206. Ueber die linke Schulter sehen.
Mündlich.
In Schmallenberg ist einmal ein Mädchen gewesen, die hat es allnächtlich um 12 Uhr nachts aus dem Bette getrieben, daß sie ans Fenster, welches nach dem Kirchhofe hinausging, treten und den Geistern zusehen mußte. Das erzählte sie einmal Nachbarsleuten, unter denen auch einer war, der's ihr nicht glauben wollte; da hat sie ihn eingeladen, bei ihr zu wachen, und als sie [187] nun wirklich nachts 12 Uhr zum Fenster ging, trat er hinter sie und sah über ihre linke Schulter weg zum Kirchhof hinaus. Seit der Stunde war sie's los, aber nun mußte er allnächtlich ans Fenster und den Geistern zusehen; da rieth ihm endlich jemand, er solle doch einmal einen Hund über seine linke Schulter sehen laßen; das hat er gethan und hat nun wieder schlafen können.
Vgl. Norddeutsche Sagen, Nr. 268 mit der Anm.; Grimm, Mythologie, S. 1061, und unten Gebräuche, Nr. 160, 376; Seifart, Hild. Sagen, Nr. 29, sieht der Geisterseher einem andern über die rechte Schulter. – Sind Geister oder Gespenster irgendwo und man wünscht sie zu sehen, so trete man jemand auf den rechten Fuß und sehe ihm über die linke Schulter, dann erkennt man die Geister.
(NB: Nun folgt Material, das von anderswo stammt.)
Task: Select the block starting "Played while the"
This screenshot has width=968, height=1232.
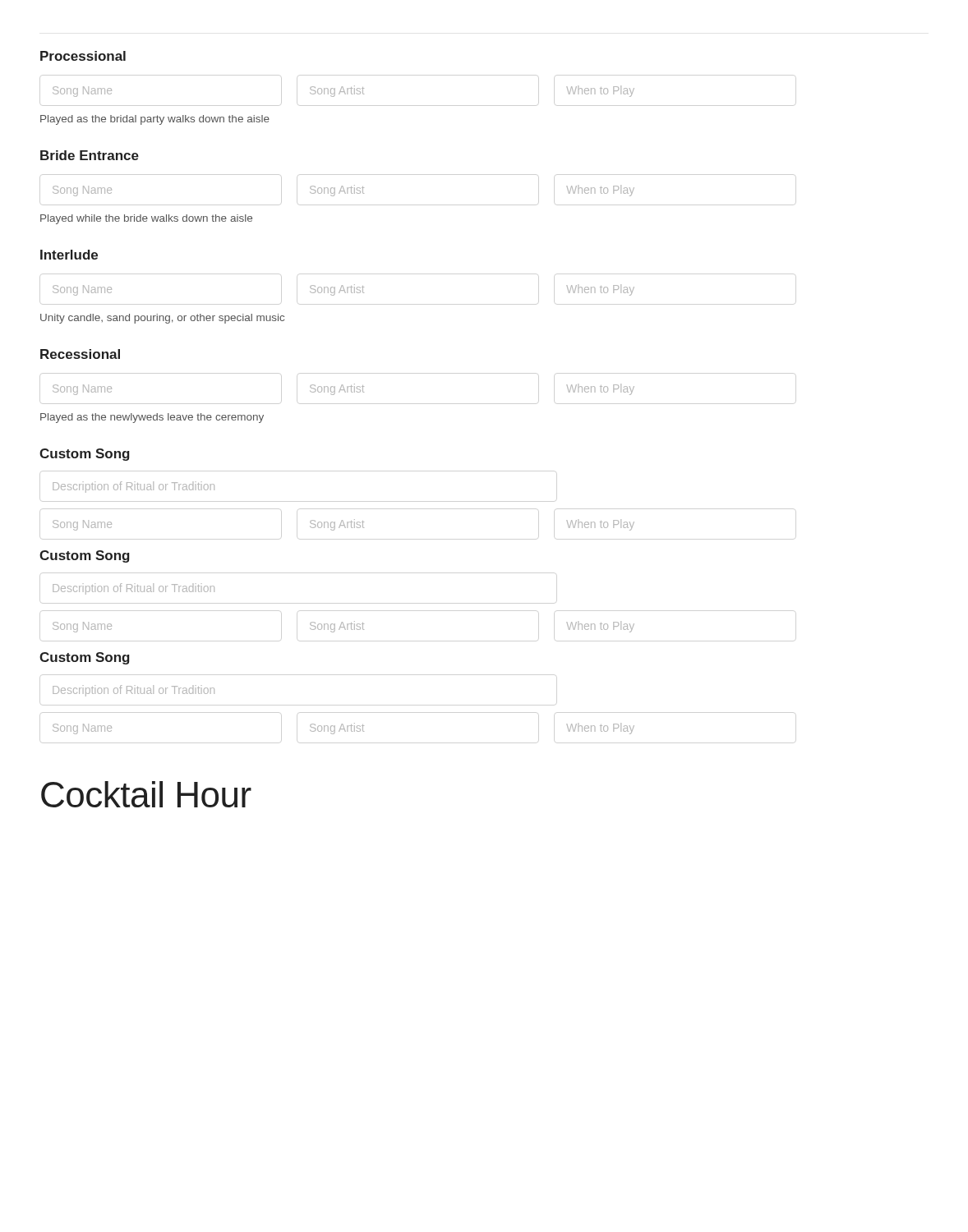Action: pyautogui.click(x=146, y=218)
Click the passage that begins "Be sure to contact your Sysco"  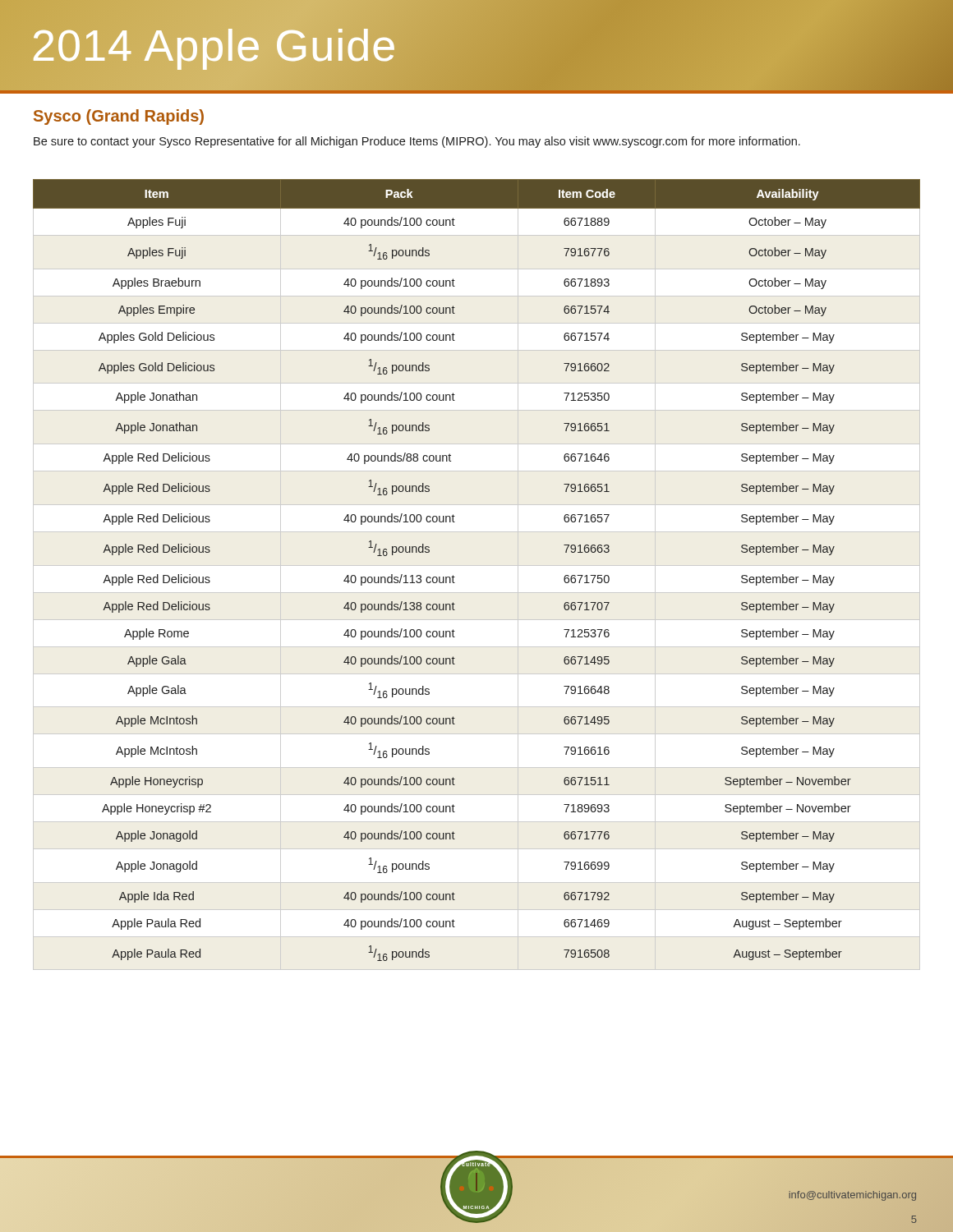coord(417,141)
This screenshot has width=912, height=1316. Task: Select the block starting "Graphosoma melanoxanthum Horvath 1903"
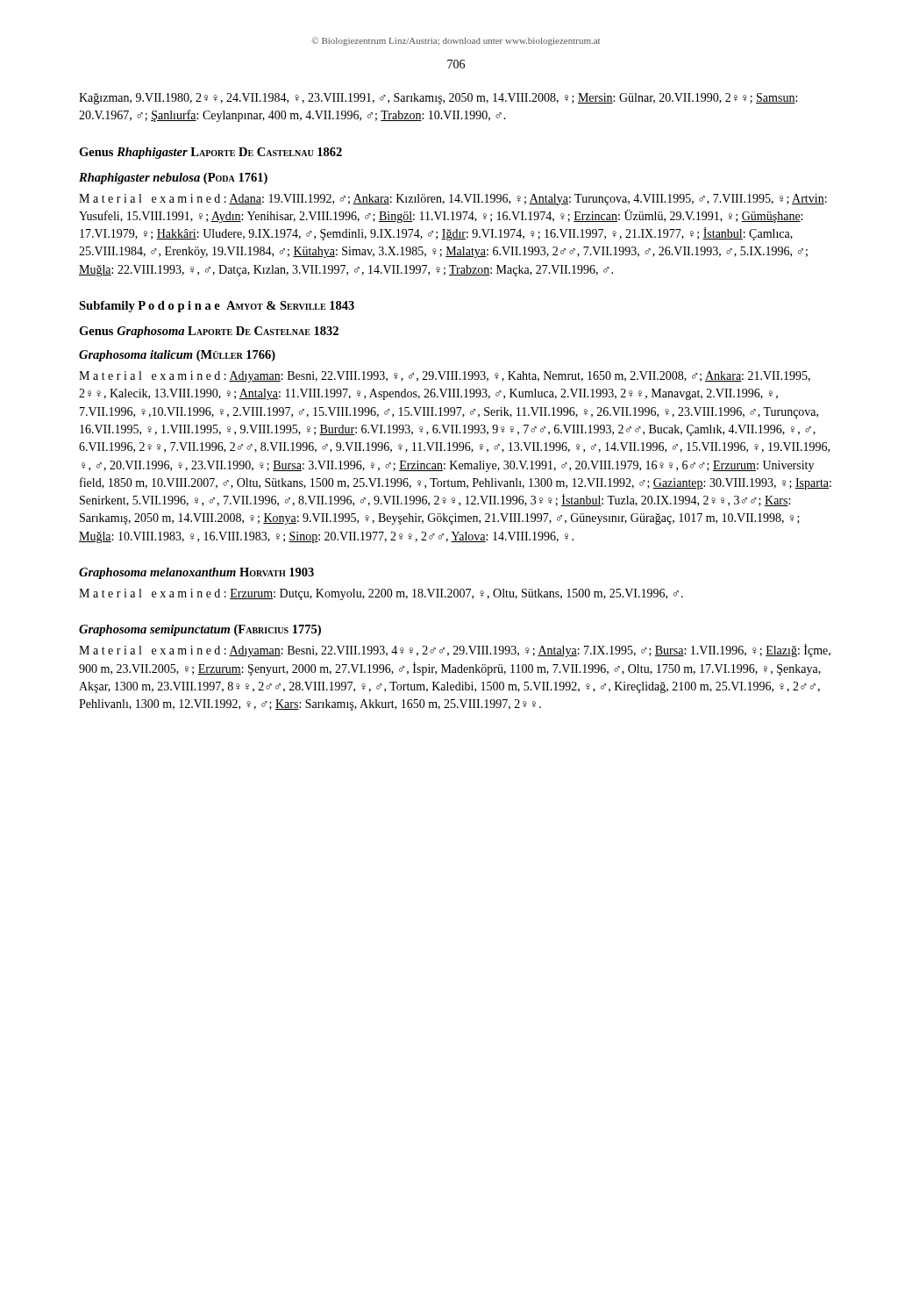point(197,572)
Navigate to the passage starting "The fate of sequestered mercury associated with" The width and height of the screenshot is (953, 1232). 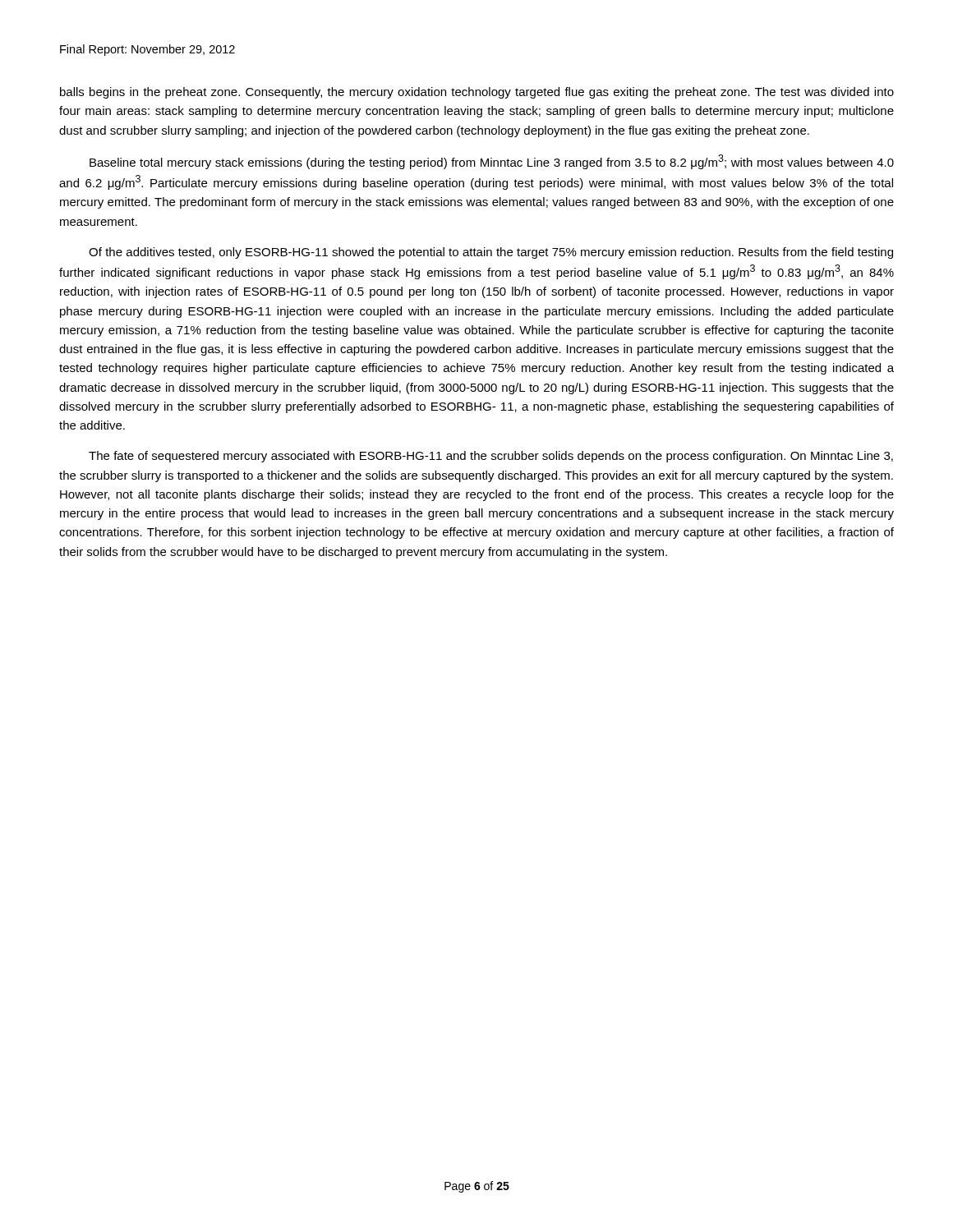476,504
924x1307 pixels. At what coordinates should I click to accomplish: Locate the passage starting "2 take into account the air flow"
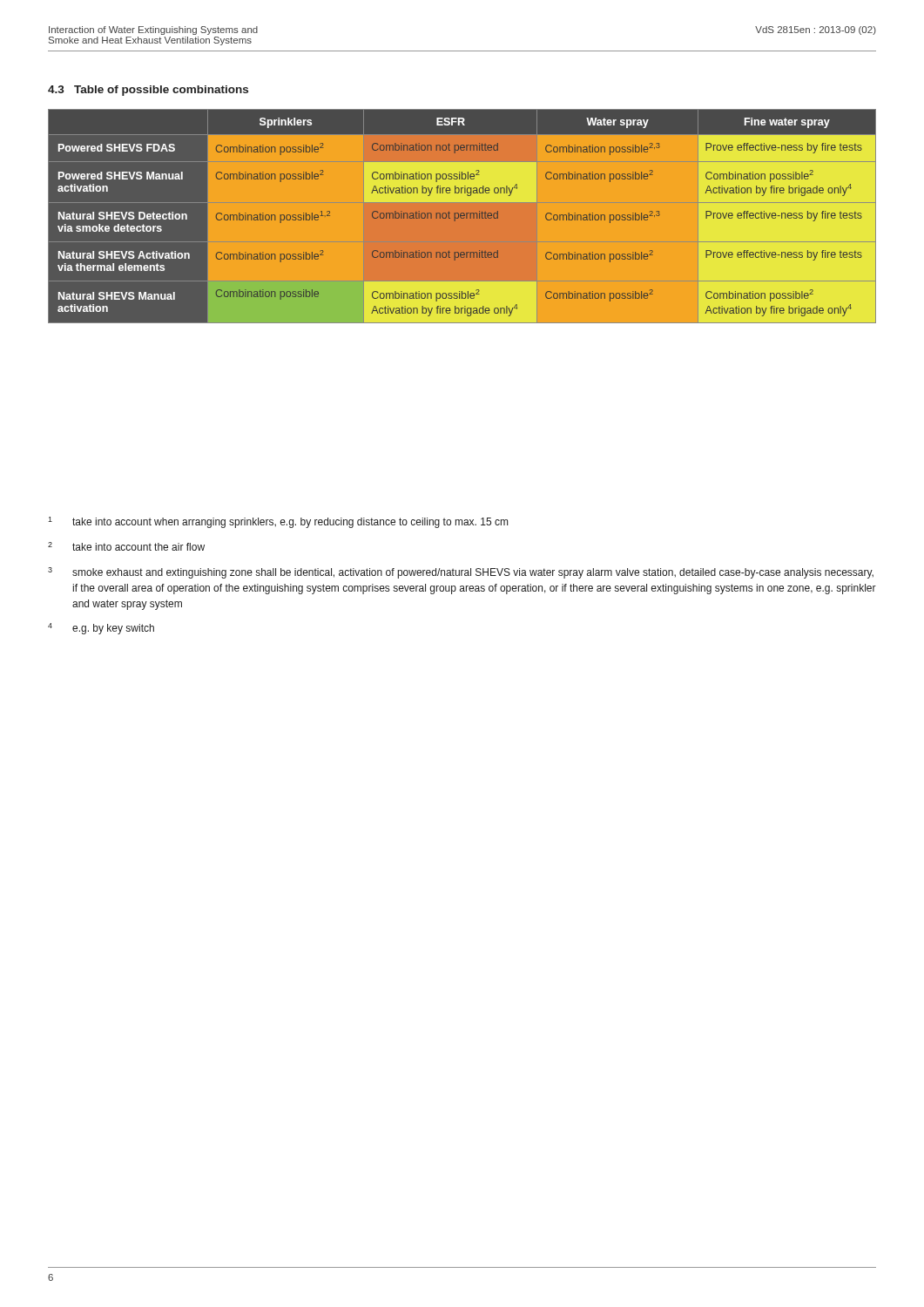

Man kann auch auf den linken Fuß treten und dann über die rechte Schulter des andern blicken; es muß nur kreuzweis geschehen, dann ist's einerlei; Meier, Gebräuche, Nr. 439. Wenn man einem Kinde, das Gespenster sehen kann, über die Schulter sieht, so sieht man sie auch; Wolf, Beiträge, I, 238, Nr. 446.